What to do —
Your answer should consist of the lines holding "degrees", copied from the material below.

Material for this exercise —
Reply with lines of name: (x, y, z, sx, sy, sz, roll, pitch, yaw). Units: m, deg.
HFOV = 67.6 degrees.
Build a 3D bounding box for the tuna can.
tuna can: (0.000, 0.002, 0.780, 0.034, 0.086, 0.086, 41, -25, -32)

==

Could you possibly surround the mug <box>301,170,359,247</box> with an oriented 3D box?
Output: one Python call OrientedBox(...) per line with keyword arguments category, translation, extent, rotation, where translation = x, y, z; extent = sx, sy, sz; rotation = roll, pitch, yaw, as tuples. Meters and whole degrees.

--

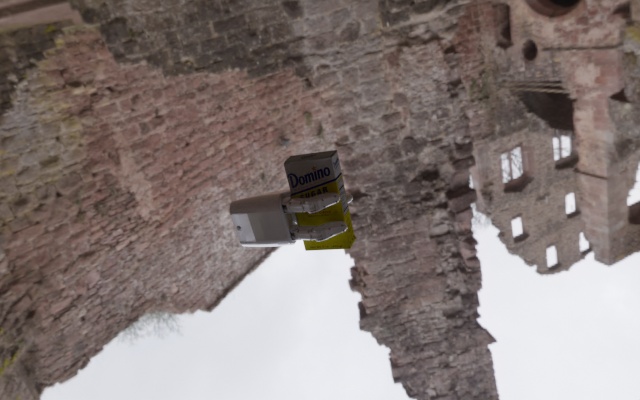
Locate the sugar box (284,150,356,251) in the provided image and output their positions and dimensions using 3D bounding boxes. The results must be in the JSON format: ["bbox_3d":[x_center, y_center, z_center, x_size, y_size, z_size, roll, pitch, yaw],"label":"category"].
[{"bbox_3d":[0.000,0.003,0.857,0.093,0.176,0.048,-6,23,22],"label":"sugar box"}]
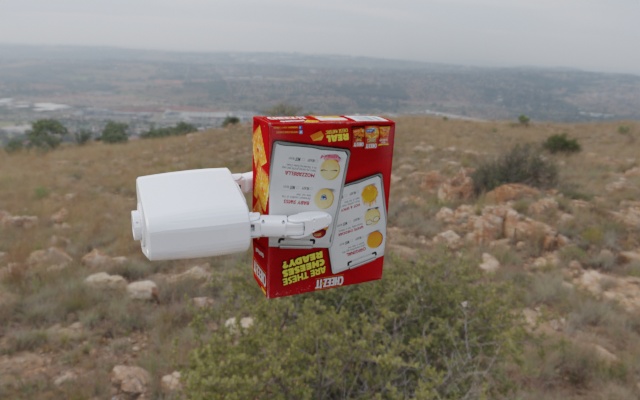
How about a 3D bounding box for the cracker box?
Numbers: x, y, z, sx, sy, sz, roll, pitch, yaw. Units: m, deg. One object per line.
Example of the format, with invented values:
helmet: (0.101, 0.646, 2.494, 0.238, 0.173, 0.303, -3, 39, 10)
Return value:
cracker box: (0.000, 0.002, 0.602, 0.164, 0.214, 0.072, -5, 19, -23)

Solution to the exercise —
HFOV = 67.6 degrees.
Output: one Python call OrientedBox(...) per line with keyword arguments category, translation, extent, rotation, where translation = x, y, z; extent = sx, sy, sz; rotation = roll, pitch, yaw, as tuples. Meters and whole degrees.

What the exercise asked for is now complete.